Com o perdão do trocadilho para o assunto, mas costumo dançar conforme a música. E o documentário The Beatles: Get Back, definitivamente, é um deleite para qualquer apreciador dos Beatles, mas não aprofunda questões nem sequer tenta explicar qualquer dúvida ou mistérios que cercaram e cercam o fim da banda. Então, sigamos o ritmo para tecer apontamentos igualmente superficiais que talvez valham para os colegas beatlemaníacos.
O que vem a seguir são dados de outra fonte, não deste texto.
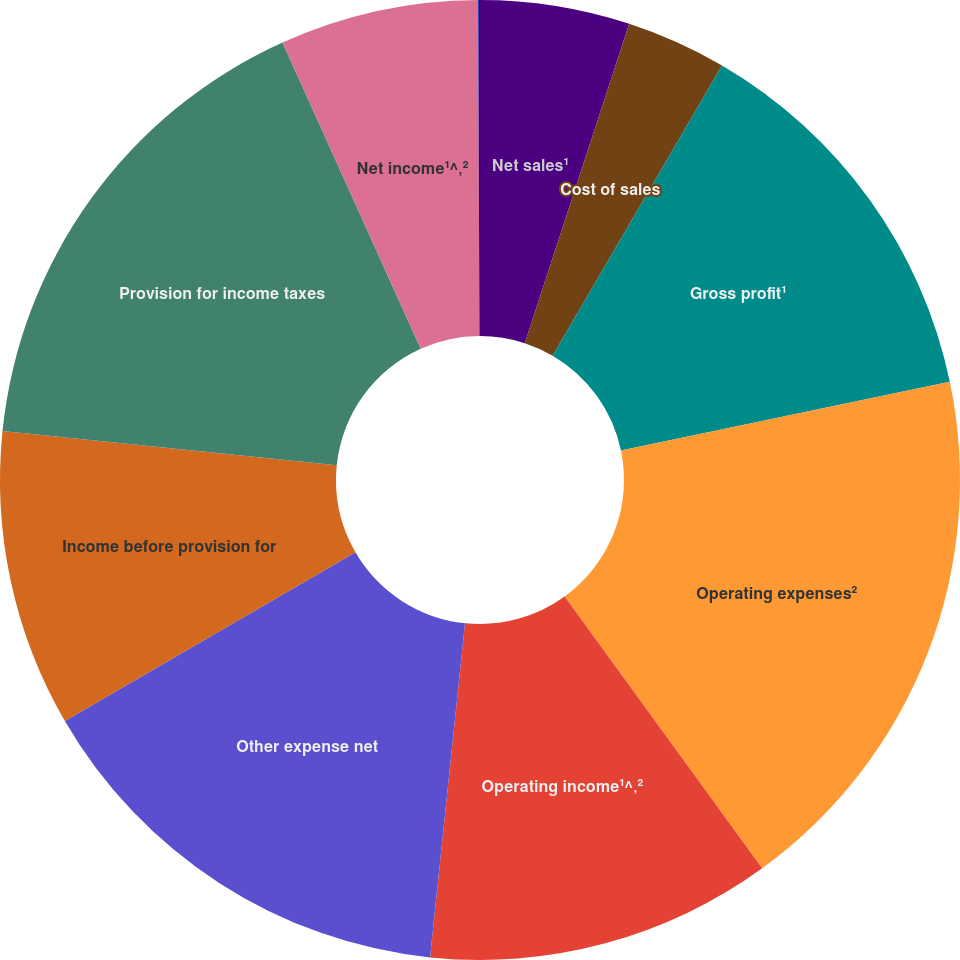<chart> <loc_0><loc_0><loc_500><loc_500><pie_chart><fcel>Net sales¹<fcel>Cost of sales<fcel>Gross profit¹<fcel>Operating expenses²<fcel>Operating income¹^‚²<fcel>Other expense net<fcel>Income before provision for<fcel>Provision for income taxes<fcel>Net income¹^‚²<fcel>Basic<nl><fcel>5.03%<fcel>3.38%<fcel>13.31%<fcel>18.28%<fcel>11.66%<fcel>14.97%<fcel>10.0%<fcel>16.62%<fcel>6.69%<fcel>0.06%<nl></chart>

Antes, um resumo: o filme é dividido em três partes com duas horas cada, condensadas do material de 60 horas de filmagem e 150 horas de som do filme Let it Be. Podia ser mais enxuto. Mas é típico de Peter Jackson a duração estendida, como fez em nove longos capítulos da saga Senhor dos Anéis. E estendido, Get Back ganha material aos fãs e enfado aos apenas admiradores da banda. Sim, são briguinhas, piadinhas e discussões que pouco interessam ao fã comum, mas são pérolas aos beatlemaníacos.
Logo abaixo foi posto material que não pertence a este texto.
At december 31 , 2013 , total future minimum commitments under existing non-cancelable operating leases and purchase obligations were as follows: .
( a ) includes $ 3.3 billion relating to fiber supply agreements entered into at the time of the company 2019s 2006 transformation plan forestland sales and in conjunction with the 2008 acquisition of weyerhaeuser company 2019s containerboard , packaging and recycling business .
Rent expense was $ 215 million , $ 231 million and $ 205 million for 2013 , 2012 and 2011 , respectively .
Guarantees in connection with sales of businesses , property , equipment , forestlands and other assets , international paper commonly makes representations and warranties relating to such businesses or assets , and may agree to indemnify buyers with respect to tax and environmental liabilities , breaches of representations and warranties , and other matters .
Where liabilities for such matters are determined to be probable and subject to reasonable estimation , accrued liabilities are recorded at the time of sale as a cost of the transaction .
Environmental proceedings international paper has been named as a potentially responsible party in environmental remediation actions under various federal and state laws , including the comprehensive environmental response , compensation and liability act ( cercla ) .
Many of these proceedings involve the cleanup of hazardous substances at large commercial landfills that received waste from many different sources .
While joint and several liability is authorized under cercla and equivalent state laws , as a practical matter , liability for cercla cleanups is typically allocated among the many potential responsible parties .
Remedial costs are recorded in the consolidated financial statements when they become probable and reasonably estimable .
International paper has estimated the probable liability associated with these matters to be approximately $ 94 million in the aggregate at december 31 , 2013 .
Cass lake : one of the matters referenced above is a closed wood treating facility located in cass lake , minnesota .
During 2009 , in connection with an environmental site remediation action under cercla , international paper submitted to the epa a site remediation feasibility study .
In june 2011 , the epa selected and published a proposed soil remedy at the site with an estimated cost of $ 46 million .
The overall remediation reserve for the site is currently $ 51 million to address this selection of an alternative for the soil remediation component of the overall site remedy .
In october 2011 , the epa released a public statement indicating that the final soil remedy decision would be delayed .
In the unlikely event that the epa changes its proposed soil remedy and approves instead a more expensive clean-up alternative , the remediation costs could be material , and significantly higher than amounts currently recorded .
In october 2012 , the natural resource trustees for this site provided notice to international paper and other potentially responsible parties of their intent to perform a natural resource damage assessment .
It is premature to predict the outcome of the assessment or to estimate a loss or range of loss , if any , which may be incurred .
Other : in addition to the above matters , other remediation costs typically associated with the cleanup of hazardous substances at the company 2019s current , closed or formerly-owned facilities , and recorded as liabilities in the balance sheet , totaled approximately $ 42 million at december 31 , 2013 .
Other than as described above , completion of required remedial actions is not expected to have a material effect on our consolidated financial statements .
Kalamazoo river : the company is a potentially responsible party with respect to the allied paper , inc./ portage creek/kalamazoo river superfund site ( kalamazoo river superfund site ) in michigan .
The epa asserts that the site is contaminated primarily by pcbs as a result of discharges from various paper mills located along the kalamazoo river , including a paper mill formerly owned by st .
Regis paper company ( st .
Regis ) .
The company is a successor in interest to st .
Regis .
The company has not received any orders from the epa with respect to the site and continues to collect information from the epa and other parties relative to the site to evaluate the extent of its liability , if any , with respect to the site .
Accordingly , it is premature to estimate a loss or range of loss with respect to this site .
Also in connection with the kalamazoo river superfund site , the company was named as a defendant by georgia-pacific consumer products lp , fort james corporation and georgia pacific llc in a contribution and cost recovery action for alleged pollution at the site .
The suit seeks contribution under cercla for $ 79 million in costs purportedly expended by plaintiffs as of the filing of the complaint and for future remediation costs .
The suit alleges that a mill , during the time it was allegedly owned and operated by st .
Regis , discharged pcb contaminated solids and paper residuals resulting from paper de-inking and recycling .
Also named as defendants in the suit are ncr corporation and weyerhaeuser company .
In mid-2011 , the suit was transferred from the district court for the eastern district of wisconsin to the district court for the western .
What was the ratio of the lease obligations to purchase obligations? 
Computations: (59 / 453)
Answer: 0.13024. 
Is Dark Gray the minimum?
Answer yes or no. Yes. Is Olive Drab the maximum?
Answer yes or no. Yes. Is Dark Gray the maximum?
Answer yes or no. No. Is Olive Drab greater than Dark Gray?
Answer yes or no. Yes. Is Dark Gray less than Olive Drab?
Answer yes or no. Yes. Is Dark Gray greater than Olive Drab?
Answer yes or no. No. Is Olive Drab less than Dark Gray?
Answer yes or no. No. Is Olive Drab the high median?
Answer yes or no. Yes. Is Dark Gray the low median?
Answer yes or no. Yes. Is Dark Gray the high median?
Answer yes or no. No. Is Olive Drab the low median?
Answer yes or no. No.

Mas, vamos aos apontamentos triviais de Get Back:
1. Atmosfera pesada
A atmosfera do “Twickenham Studios”, primeiro local de gravações do filme, era sombria, escura. A iluminação artificial esverdeada, roxeada, parecia provocar um clima pouco amistoso entre os quatro, que na verdade pareciam bem entrosados.
2. Improvisação
Também neste estúdio se comprovou o incrível grau de improvisação na rotina de trabalho da maior banda de todos os tempos. Improviso nos equipamentos, no foco do trabalho… Realmente inexplicável.
3. Paul x George
Sem um propósito definido do que seria aquele projeto (se um programa de TV, um show ao vivo, um álbum ao vivo…) Paul meio que decidiu dar alguma ordem à bagunça e causou alguns entreveros, sobretudo com George.
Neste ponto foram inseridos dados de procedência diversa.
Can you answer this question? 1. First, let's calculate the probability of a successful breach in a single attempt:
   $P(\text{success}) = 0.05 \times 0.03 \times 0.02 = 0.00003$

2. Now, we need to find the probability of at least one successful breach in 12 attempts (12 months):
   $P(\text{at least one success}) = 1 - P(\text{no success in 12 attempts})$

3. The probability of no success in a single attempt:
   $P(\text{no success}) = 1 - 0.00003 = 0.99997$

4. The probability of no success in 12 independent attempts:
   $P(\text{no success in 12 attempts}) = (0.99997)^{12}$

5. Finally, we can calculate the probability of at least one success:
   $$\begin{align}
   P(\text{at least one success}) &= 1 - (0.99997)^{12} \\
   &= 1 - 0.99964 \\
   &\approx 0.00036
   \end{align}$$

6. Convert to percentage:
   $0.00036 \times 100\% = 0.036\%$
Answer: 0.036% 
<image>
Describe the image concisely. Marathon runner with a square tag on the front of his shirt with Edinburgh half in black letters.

4. A falta de Brian Epstein
Convenhamos, os Beatles eram muito jovens e inexperientes para tomarem decisões de negócios tão importantes. Gênios musicais, mas imaturos para tal. Brian Epstein era o cara para isso. Enquanto havia os terninhos, havia disciplina e alguém para ditar os rumos. Sem isso, alguém precisava comandar ou, como se viu em todo o doc, a bagunça reinava.
5. John e Paul
A amizade de John e Paul me pareceu extremamente sólida, mesmo naqueles últimos suspiros da banda. Ringo estava confortável em sua neutralidade. E George realmente destoava do clima amigável da banda, sobretudo no período de gravações em Twickenham.
6. Yoko não
O filme afasta qualquer insinuação de que Yoko foi responsável pelo fim da banda. Ou mesmo que houve algum único motivo ou pessoa.
7. George sim (?)
Na minha opinião, se houve algum pivô, foi George. Além de, irritado, abandonar as gravações em Twickenham, já na fase de filmagens na Apple, disse claramente e sem pudor que tinha tantas gravações próprias que desejava gravar um álbum solo, mesmo sem sair dos Beatles. E sugeriu, inclusive, que os outros fizessem o mesmo.
8. Ou Allen Klein?
Mas, na fase de gravações na Apple, o doc retratou um grupo harmonioso musical e socialmente. Estavam mais alegres, brincalhões, unidos. No entanto, os últimos segundos do filme deixam entender que a chegada do empresário Allen Klein mancharia esse clima amigável. As biografias dos Beatles também mostram isso. E a ideia de trazer esse estorvo à banda foi de John.
9. Ponto
Yoko adora gritar ao microfone. Fato.
10. Outras presenças
Bom registrar que, além da presença respeitosa de Yoko, Linda Eastman, a esposa de Paul, também compareceu em bons dias de gravação na Apple, inclusive em uns dois deles levando a filha Heather, de uns 5 anos,, que não parava quieta. Se alguém perturbou a rotina ali, foi a linda menininha.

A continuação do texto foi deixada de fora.